• **EXERCISE DETAILS**
When you restate the entries that follow, keep every word exactly and drop the pictures.

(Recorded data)
■ ■ ■ ■

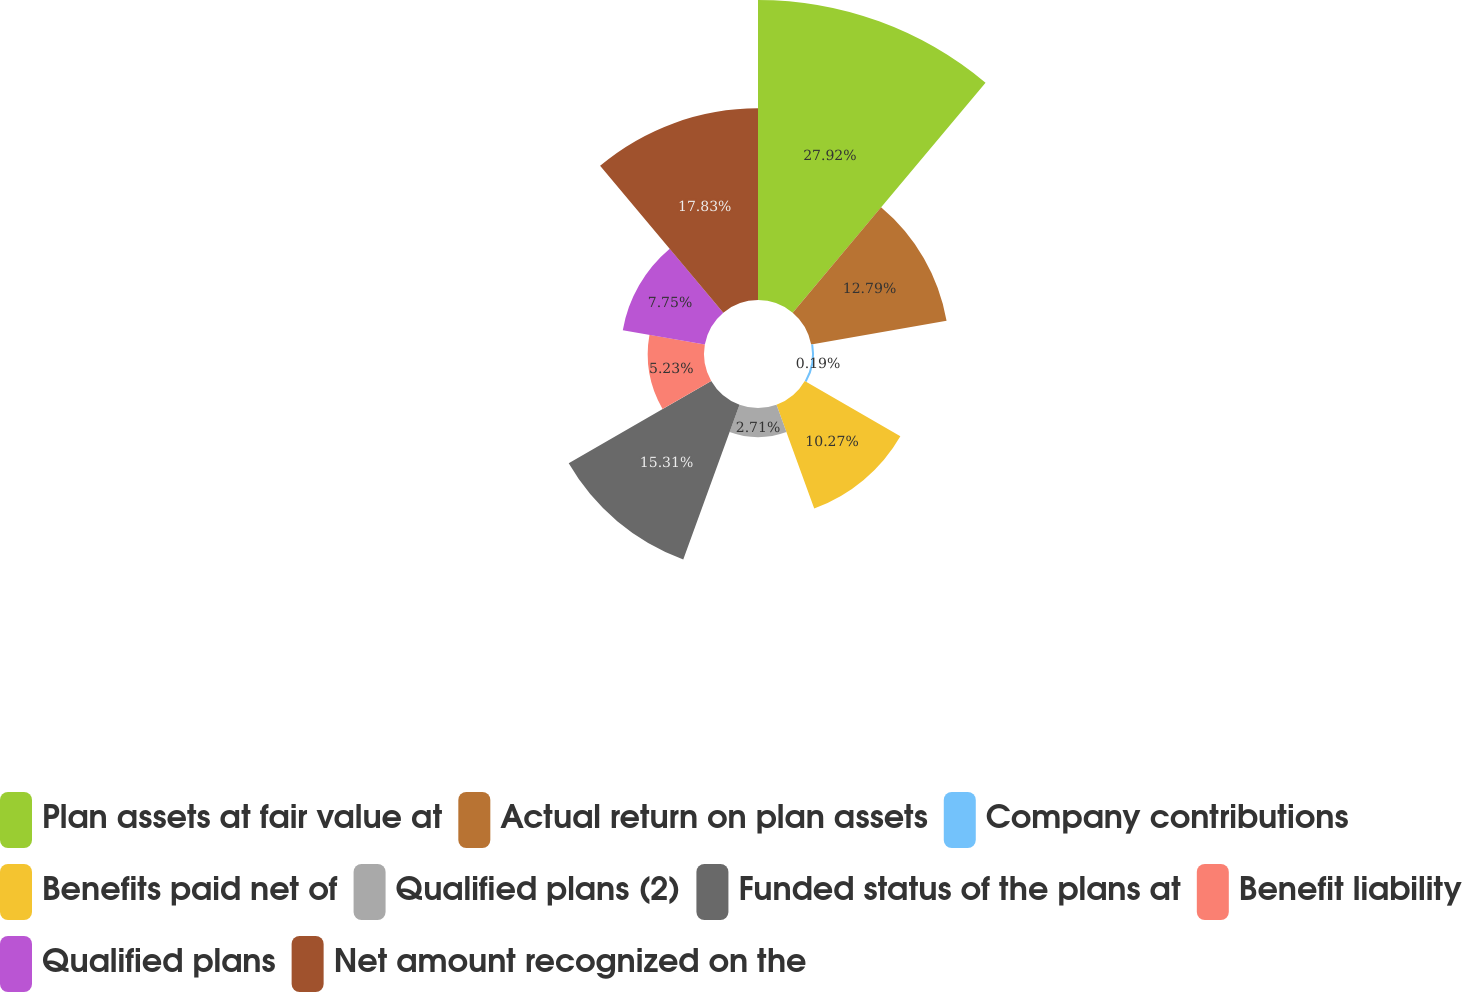<chart> <loc_0><loc_0><loc_500><loc_500><pie_chart><fcel>Plan assets at fair value at<fcel>Actual return on plan assets<fcel>Company contributions<fcel>Benefits paid net of<fcel>Qualified plans (2)<fcel>Funded status of the plans at<fcel>Benefit liability<fcel>Qualified plans<fcel>Net amount recognized on the<nl><fcel>27.91%<fcel>12.79%<fcel>0.19%<fcel>10.27%<fcel>2.71%<fcel>15.31%<fcel>5.23%<fcel>7.75%<fcel>17.83%<nl></chart> 
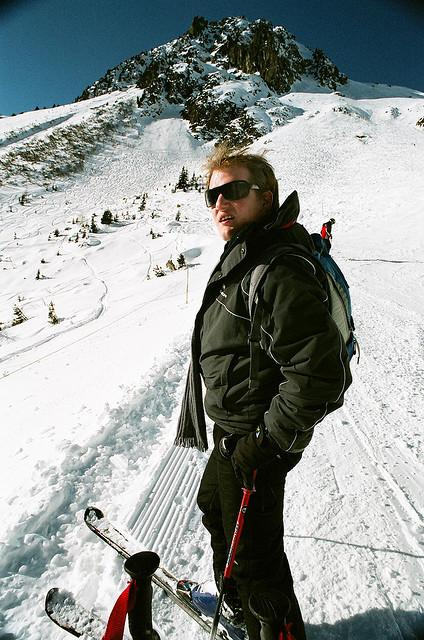What look does the man have on his face?

Choices:
A) sadness
B) disgust
C) love
D) joy disgust 
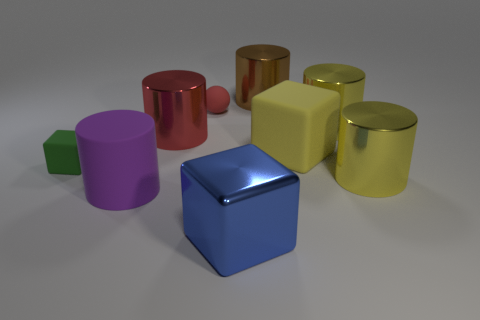Subtract all large red cylinders. How many cylinders are left? 4 Subtract all large brown rubber blocks. Subtract all purple rubber things. How many objects are left? 8 Add 4 yellow metal objects. How many yellow metal objects are left? 6 Add 3 large brown things. How many large brown things exist? 4 Subtract all red cylinders. How many cylinders are left? 4 Subtract 0 blue balls. How many objects are left? 9 Subtract all blocks. How many objects are left? 6 Subtract all gray cylinders. Subtract all brown blocks. How many cylinders are left? 5 Subtract all red spheres. How many purple blocks are left? 0 
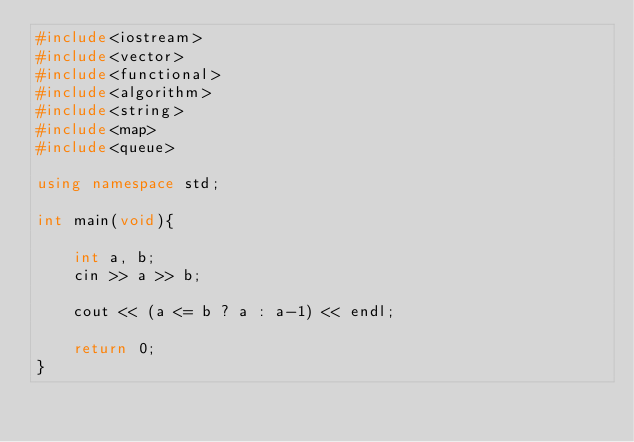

■ ■ ■ ■

• **RESPONSE TO THE EXERCISE**
<chart> <loc_0><loc_0><loc_500><loc_500><pie_chart><fcel>Plan assets at fair value at<fcel>Actual return on plan assets<fcel>Company contributions<fcel>Benefits paid net of<fcel>Qualified plans (2)<fcel>Funded status of the plans at<fcel>Benefit liability<fcel>Qualified plans<fcel>Net amount recognized on the<nl><fcel>27.91%<fcel>12.79%<fcel>0.19%<fcel>10.27%<fcel>2.71%<fcel>15.31%<fcel>5.23%<fcel>7.75%<fcel>17.83%<nl></chart> 
What look does the man have on his face?

Choices:
A) sadness
B) disgust
C) love
D) joy disgust 
Subtract all large red cylinders. How many cylinders are left? 4 Subtract all large brown rubber blocks. Subtract all purple rubber things. How many objects are left? 8 Add 4 yellow metal objects. How many yellow metal objects are left? 6 Add 3 large brown things. How many large brown things exist? 4 Subtract all red cylinders. How many cylinders are left? 4 Subtract 0 blue balls. How many objects are left? 9 Subtract all blocks. How many objects are left? 6 Subtract all gray cylinders. Subtract all brown blocks. How many cylinders are left? 5 Subtract all red spheres. How many purple blocks are left? 0 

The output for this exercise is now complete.